Roma, 1° giugno 2022 (Agonb) – È più vicino un recupero dell’udito più simile a quello fisiologico per chi indossa impianti cocleari, dispositivi impiantati chirurgicamente con lo scopo di ripristinare la percezione del suono in soggetti affetti da perdita dell’udito profonda o da sordità.
Quelli attuali, malgrado il grande successo nel recupero della comprensione del parlato in situazioni di silenzio, ha una risoluzione spettrale (ovvero la capacità di distinguere onde sonore con frequenze diverse) limitata, e non consente di apprezzare la musica o di seguire conversazioni in presenza di rumore.

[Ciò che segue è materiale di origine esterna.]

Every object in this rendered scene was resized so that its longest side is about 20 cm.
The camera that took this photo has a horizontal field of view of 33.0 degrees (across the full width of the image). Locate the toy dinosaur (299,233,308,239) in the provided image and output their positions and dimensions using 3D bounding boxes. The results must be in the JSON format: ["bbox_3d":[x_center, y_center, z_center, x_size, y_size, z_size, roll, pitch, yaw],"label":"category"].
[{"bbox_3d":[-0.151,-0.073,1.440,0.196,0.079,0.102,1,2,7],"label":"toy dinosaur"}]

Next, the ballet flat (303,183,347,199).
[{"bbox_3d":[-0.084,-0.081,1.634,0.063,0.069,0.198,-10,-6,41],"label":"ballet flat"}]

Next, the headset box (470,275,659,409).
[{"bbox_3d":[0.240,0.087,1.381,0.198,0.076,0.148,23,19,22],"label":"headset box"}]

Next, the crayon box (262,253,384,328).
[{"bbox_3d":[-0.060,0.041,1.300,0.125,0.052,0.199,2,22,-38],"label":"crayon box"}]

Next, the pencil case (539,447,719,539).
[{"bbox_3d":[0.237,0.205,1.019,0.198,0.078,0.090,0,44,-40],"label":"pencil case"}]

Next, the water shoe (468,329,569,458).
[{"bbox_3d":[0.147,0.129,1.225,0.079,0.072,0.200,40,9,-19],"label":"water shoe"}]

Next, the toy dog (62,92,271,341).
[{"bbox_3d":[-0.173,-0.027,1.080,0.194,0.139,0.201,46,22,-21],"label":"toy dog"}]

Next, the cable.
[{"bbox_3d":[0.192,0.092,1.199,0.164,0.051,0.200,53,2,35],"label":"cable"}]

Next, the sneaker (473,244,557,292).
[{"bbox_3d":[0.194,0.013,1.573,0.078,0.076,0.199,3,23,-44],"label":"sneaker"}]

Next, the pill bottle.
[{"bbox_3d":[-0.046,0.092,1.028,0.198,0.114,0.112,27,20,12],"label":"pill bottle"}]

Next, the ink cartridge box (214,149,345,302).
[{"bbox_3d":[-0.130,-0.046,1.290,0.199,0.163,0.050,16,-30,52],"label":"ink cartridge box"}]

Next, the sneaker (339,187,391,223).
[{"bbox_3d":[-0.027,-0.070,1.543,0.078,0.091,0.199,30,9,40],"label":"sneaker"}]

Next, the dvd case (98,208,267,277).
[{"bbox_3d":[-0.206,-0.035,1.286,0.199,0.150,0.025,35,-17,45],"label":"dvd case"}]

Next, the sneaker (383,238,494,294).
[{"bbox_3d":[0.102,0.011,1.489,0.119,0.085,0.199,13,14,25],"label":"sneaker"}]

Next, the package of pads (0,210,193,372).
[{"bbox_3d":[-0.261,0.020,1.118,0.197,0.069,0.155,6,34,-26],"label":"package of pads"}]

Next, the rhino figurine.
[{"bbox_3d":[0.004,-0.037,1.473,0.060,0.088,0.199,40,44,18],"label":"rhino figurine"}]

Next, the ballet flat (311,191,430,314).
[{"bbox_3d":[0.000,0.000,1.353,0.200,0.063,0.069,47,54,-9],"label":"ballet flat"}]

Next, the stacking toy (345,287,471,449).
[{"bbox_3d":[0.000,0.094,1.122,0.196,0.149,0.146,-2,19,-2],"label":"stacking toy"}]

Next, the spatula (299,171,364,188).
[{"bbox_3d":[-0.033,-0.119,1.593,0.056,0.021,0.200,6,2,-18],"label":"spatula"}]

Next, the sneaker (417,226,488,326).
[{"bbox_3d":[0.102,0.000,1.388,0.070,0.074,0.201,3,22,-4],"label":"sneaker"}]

Uno studio pubblicato sul Journal of the American Chemical Society e condotto dall’Institute for Bioengineering of Catalonia, in collaborazione con lo University Medical Center di Göttingen, il CIBER-BBN e l’Institute for Advanced Chemistry of Catalonia del CSIC segna un passo avanti verso il superamento di questi limiti. I ricercatori hanno sviluppato e utilizzato, per la prima volta, un agente farmacologico controllabile con la luce e in grado fotoattivare i neuroni uditivi di mammifero. I nuovi impianti cocleari sono in grado di convertire i suoni in stimoli luminosi che a loro volta vengono trasmessi all’orecchio interno tramite la tecnica dell’optogenetica. “Al fine di evitare la manipolazione genetica, in questo nuovo progetto abbiamo invece sviluppato un metodo alternativo per accoppiare la luce all’attività elettrica dei neuroni.
Abbiamo così ideato una molecola, denominata TCPfast – ha detto Carlo Matera, il chimico farmaceutico dell’IBEC che l’ha sintetizzata, dal 2020 ricercatore all’Università Statale di Milano -, in grado di legarsi covalentemente a un recettore neuronale e di funzionare come una protesi molecolare che trasforma i normali neuroni uditivi in neuroni in grado di attivarsi con la luce”. TCPfast è stata progettata per essere attivata con luce blu e in futuro sarà studiata più a fondo l’effettiva capacità di molecole di questo tipo di ripristinare l’udito. (Agonb) Cdm 13:00.